Phonics at Orchard Meadow

Pupils at Orchard Meadow learn to read through a synthetic phonics programme called Read Write Inc (RWI for short). Children start phonics sessions in Nursery where they are introduced to simple sounds and the basics of blending - combining sounds to make words. By the time pupils complete Year 1 they are able to blend all the simple and complex sounds in the English language, preparing them for the Phonics Screening Check and giving them the skills to read and understand more and more complex texts fluently. 

Pupils are supported to progress rapidly through daily phonics teaching and 1:1 tutoring (pupils Y1-Y6) using both RWI and the RWI Fresh Start programme (for older pupils).

For a quick introduction to the programme see the video below.

How do we make phonics easy for children to learn?

Read Write Inc. Phonics depends upon children learning to read and write sounds effortlessly, so we make it simple and fun. The phonic knowledge is split into two parts. First we teach them one way to read and write the 40+ sounds in English. We use pictures to help, for example we make ‘a’ into the shape of an apple, ‘f’ into the shape of a flower. These pictures help all children, especially slower-starters, to read the sounds easily.

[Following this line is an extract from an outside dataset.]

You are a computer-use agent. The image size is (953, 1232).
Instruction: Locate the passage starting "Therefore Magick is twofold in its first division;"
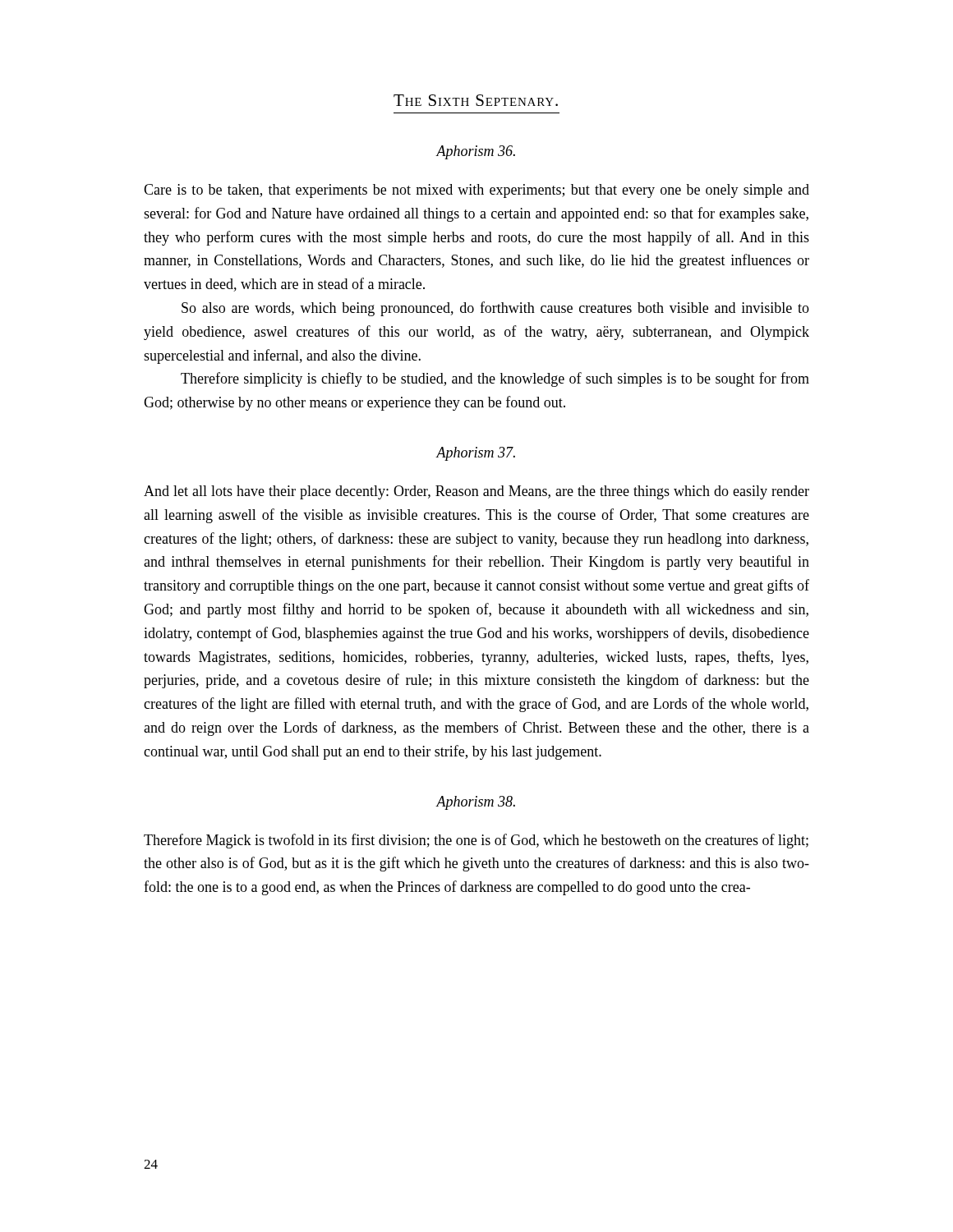tap(476, 864)

Children learn to read words by sound-blending using a frog called Fred. Fred says the sounds and children help him blend the sounds to read each word. Then we teach children the different spellings of the same sounds, for example, they learn that the sound ‘ay’ is written ay, a-e and ai; the sound ‘ee’ is written ee, e and ea. We use phrases to help them remember each sound for example, ay, may I play, a-e – make a cake?

You may hear your child mention 'green' and 'red' words. These respectively refer to words that can be blended using phonics, such as cat: c-a-t, and those that need to be learned by sight, such as 'the'. 

Fo a handy guide to 'red' words and how they are taught, please click here.

How do we ensure children can read every book?

The first thing we do is to give children books we know they can read – without any guessing. (We read lots of other stories to them, but do not expect them to read these yet.) Before they read the story, they sound out the names of characters and new words, practise reading any of the ‘tricky red’ words, and tell them a thought-provoking introduction to get them excited about the story. Then, over three days, children read the story three times: first to focus on reading the words carefully; the second to help them read the story fluently; and on the third, we talk about the story together for example, how characters might be feeling and why. By the time your child reads the story to you at home, they will be able to read it confidently with expression.

How do we teach children to spell confidently?

We use just two simple activities: Fred Fingers to spell regular words and Red Rhythms for tricky words. Fred Fingers We teach children to spell using ‘Fred Fingers’: we say a word and then children pinch the sounds onto their fingers and write the word, sound by sound. Red Rhythms We teach tricky words with Red Rhythms. We say the tricky letters in a puzzled or annoyed voice and build the letter names up into a rhythm, for example, s-ai-d. Children learn to spell new words and review past words every week, they practise spelling them with a partner and – when they’re ready – we give them a test to celebrate their spelling success.

How do we make writing simple for children to learn?

We teach handwriting, spelling and composition separately, gradually bringing each skill together step-by-step. We teach children to form letters with the correct pencil grip and in the correct sitting position from the very beginning. They practise handwriting every day so they learn to write quickly and easily.

Once children can write simple words, we teach them to ‘hold’ a sentence in their heads and then write it with correct spelling and punctuation. Very soon children are able to write down their own ideas. We try out different sentences together, drawing on new vocabulary and phrases from the storybook they’ve just read. They practise saying their sentences out loud first so they don’t forget their ideas while they’re writing. They also learn to proofread their own writing using ready-made sentences containing common grammar, punctuation and spelling errors.